Las llamas de los contenedores de basura se alzaron otra vez, cruzando el círculo y conectándose en una sucesión de puentes. Vida siseó de dolor al ser azotada por un latigazo de fuego que la alcanzó
entre los omóplatos.
Durante un momento pensé que Vida realmente iba a cargar contra las hileras de fuego que tenía
delante; solo había dos entre ella y el Rojo, pero ahí estaban, ardiendo con un rojo dorado, iluminando
su piel con una luz marrón terrosa.
—¡Vi…!
Aterrizó sobre su cadera y se deslizó los últimos metros directamente hacia las piernas del Rojo,
que cayó con un inhumano bramido de protesta del que solo hicieron eco los niños de blanco que
miraban desde lo alto.

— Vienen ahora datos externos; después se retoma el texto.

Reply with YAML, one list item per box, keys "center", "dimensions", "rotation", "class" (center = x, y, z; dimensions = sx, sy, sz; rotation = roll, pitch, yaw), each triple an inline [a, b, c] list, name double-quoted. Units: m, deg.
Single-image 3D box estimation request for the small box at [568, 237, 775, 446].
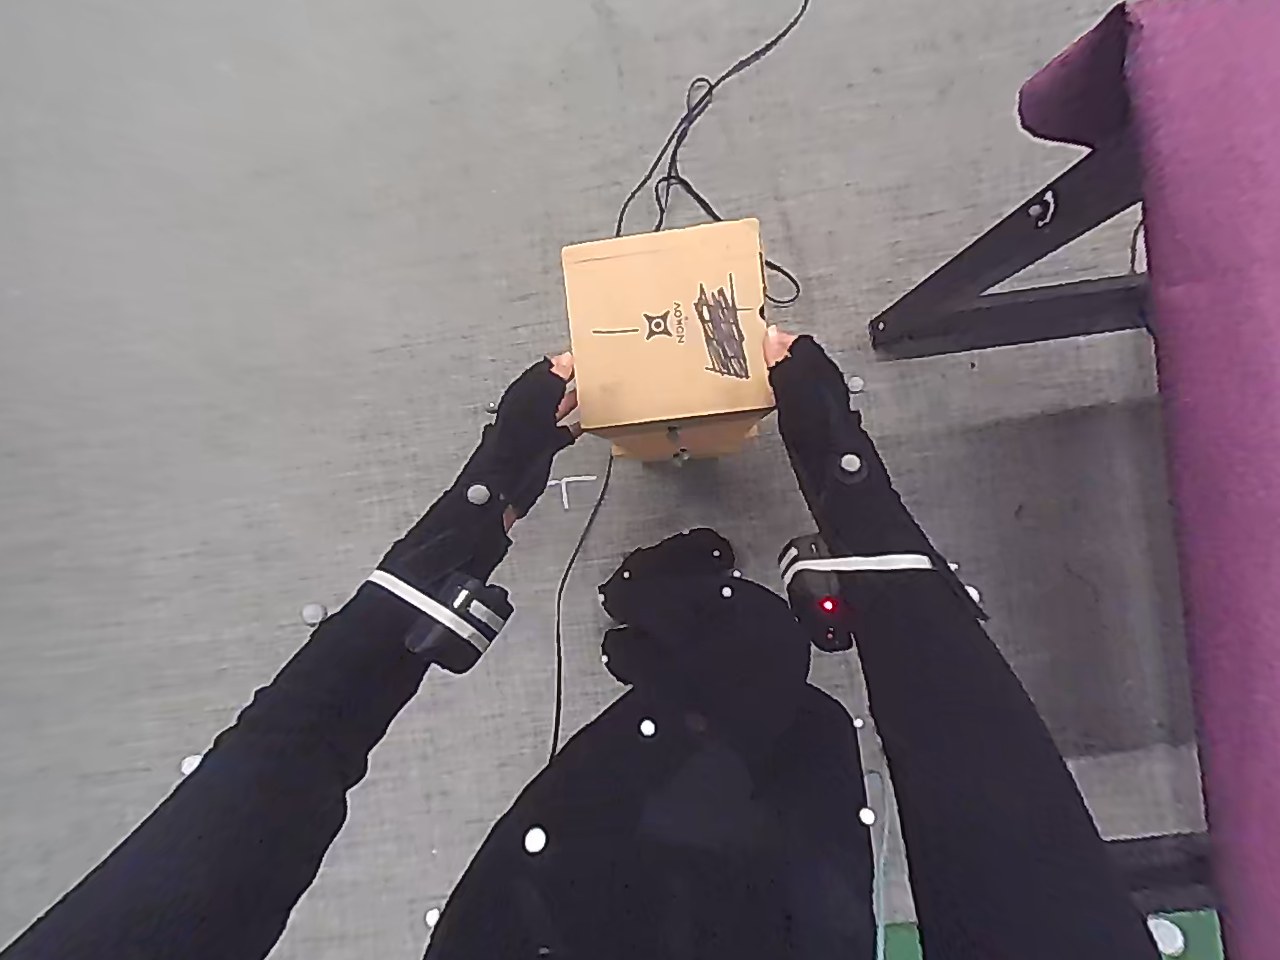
- center: [0.033, -0.126, 0.557]
  dimensions: [0.179, 0.176, 0.168]
  rotation: [-5, 90, 6]
  class: "small box"

Arriesgué una mirada hacia arriba.
La mayoría de los contenedores aún ardían, al igual que algunas partes del hormigón, ahí donde el
fuego había colapsado. Derribé uno de ellos al correr hacia Vida.
Crispado se alzó bruscamente del suelo, deshaciéndose de Vida con un odio fiero y pulsante que
llenó el espacio que había entre nosotras. Conseguí llegar a ella antes de que su espalda quemada
golpeara el suelo. Su cabeza me golpeó la mandíbula y se me nubló la vista, pero no permití que
cayéramos. La levanté hasta dejarla sobre sus pies.
Solo había entrenado lucha contra el instructor Johnson una vez, y el «combate» había durado
quince segundos. Había sido justo al comienzo de mi entrenamiento, cuando él necesitaba «evaluar»
mi nivel de habilidades. Después de eso cojeé durante dos semanas y tuve dos morados con forma de
mano en los brazos durante el doble de ese tiempo.
El instructor Johnson se habría marchitado como una margarita bajo este Rojo.
Crispado ya no se crispaba. Ahora sus movimientos eran cuidadosos y precisos, entrenados; algo
se había conectado dentro de él. Vida y yo bailábamos, alejándonos de él una y otra vez, girando y
agachándonos para evitar los puñetazos que lanzaba hacia nuestras caras.
¡Y a mí me había parecido escuálido!
—¡Venga, señoritas! —dijo Knox a voz en cuello, apremiándonos—. ¡Esto está muy aburrido!
Cogí a Vida del brazo antes de que pudiera lanzarse contra el Rojo nuevamente y la arrastré unos
pasos hacia atrás. Crispado no nos siguió de inmediato; en lugar de ello, permaneció en la otra mitad
del círculo, avanzando y retrocediendo como una pantera, mientras sus botas militares rechinaban bajo
sus pies.
Era la primera vez que podía pensar sobre este combate. Mi cuerpo se estremeció de agotamiento
y dolor. «Piensa».
Crispado no había estado en un campamento de rehabilitación, por lo menos no en tiempos
recientes. Puede que nunca, pero entonces ¿de dónde venía su equipo? No daba la impresión de ser lo
bastante independiente como para asaltar una estación de la Guardia Nacional. En realidad, salvo por
los breves brotes de confusión que aparecían en su rostro, no parecía que tuviera ningún pensamiento
independiente en absoluto. Lo que significaba que…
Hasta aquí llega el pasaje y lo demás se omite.